Rivers confirmed on Twitter that she’d been terminated; Berlin’s didn’t immediately respond to our request for comment. It’s not clear who the other two staffers are, or whether another staffer reportedly fired on November 12th was among the four who had been dismissed. (That seems likely, but perhaps it’s five employees in total). When we asked Google to confirm or deny the Walkout organizers’ claims, Google declined to comment.
Tensions have seemingly been high inside Google for many months as tech workers found they have the power to protest such things as reports of sexual harassment, a censored Chinese search engine, and a controversial AI drone program for the Pentagon. Some 20,000 Google employees staged a walkout last November to protest sexual misconduct by Google executives, most recently leading to an investigation by the company’s board.
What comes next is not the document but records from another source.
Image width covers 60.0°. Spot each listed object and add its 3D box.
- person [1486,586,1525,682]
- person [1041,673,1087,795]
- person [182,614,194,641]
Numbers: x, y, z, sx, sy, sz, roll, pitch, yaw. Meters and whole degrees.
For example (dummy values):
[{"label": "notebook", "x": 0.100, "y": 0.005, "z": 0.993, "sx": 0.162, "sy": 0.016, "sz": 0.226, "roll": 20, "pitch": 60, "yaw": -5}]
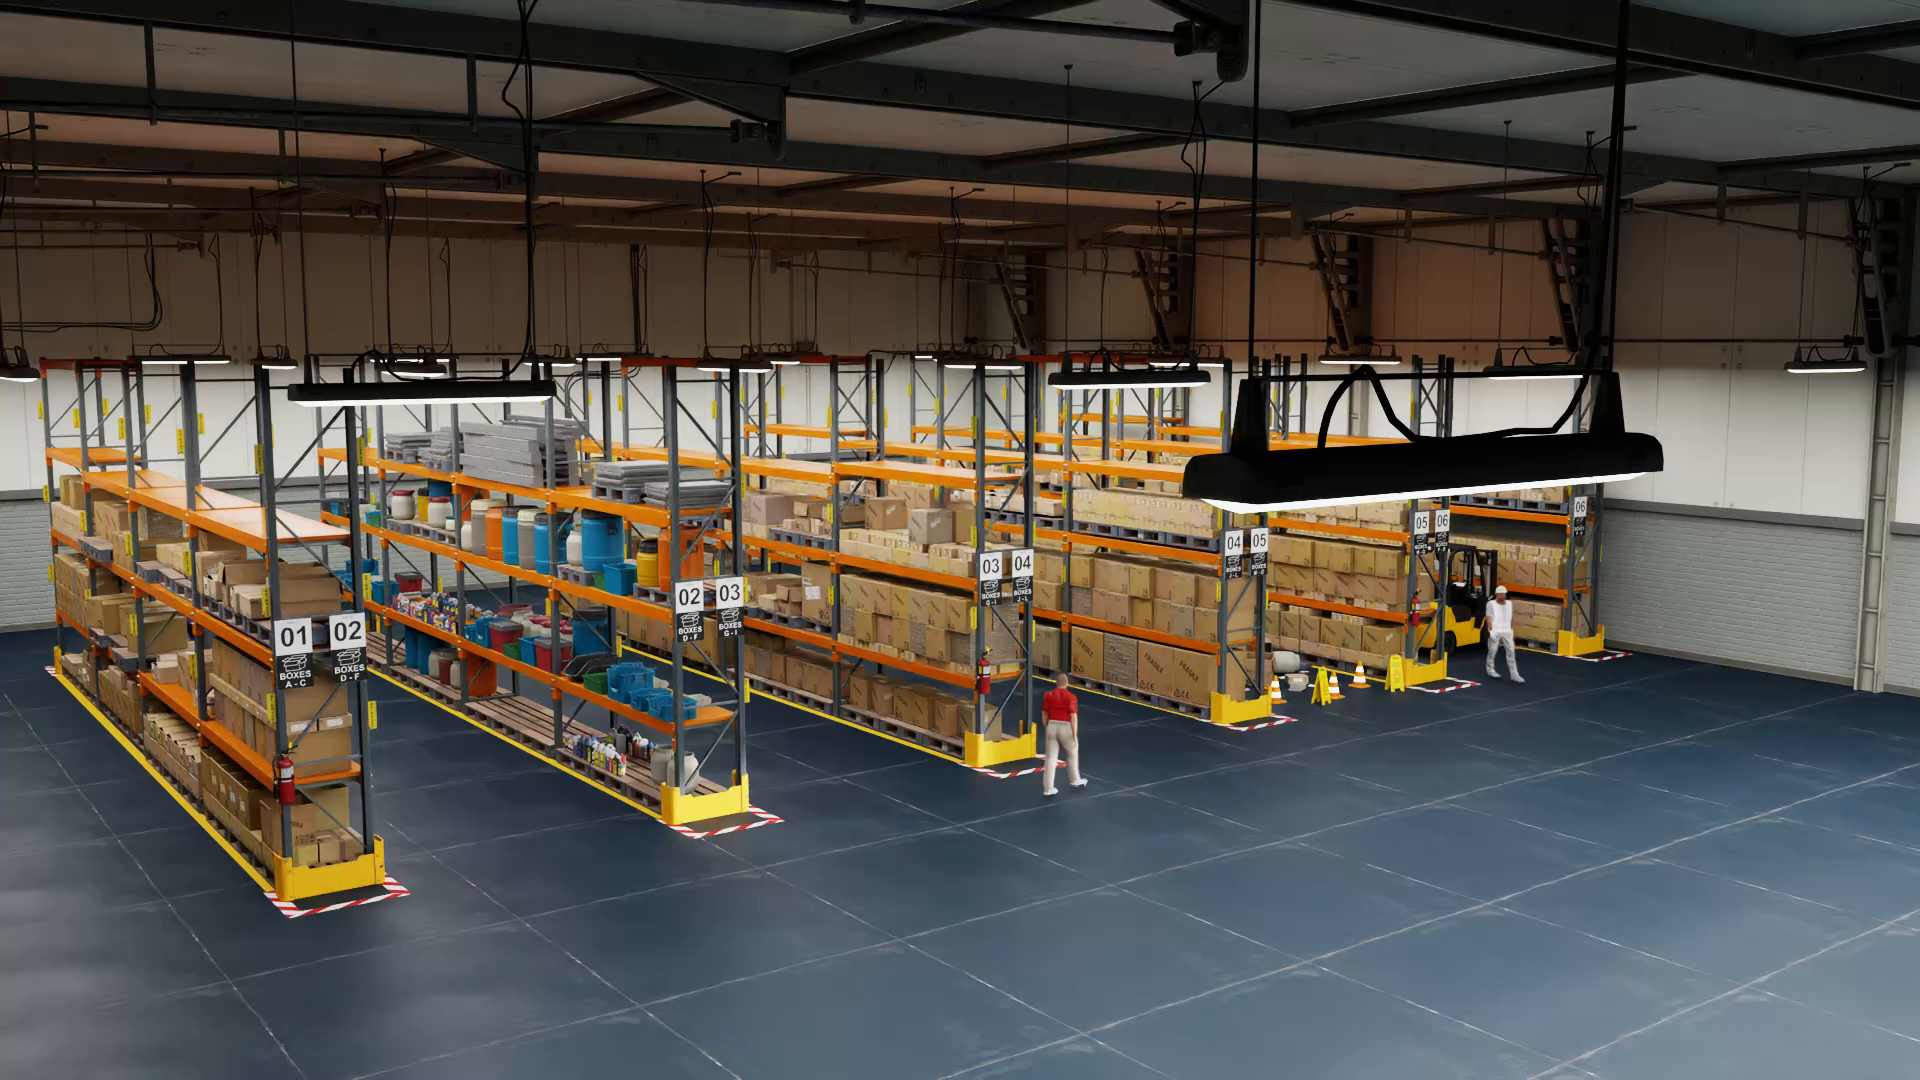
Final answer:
[{"label": "person", "x": 10.103, "y": 1.728, "z": 30.939, "sx": 0.597, "sy": 1.747, "sz": 0.893, "roll": -1, "pitch": 7, "yaw": -5}, {"label": "person", "x": 1.433, "y": 2.680, "z": 23.346, "sx": 0.587, "sy": 1.663, "sz": 0.980, "roll": 3, "pitch": 8, "yaw": 25}, {"label": "person", "x": -15.169, "y": 1.618, "z": 32.461, "sx": 0.501, "sy": 1.651, "sz": 0.491, "roll": -1, "pitch": 7, "yaw": -11}]

But one way or another, Google seems to be pushing employee organizers out of the company: Claire Stapleton and Meredith Whittaker, two organizers of that Google Walkout, alleged that they’d been retaliated against by company management, and wound up leaving in June and July respectively. Some employees participated in a sit-in to protest against that alleged retaliation, and walkout organizers demanded that Google investigate its own HR department. In September, Google reached a settlement with the National Labor Relations Board that required it to clarify that its policies “do not prevent employees from discussing workplace issues.”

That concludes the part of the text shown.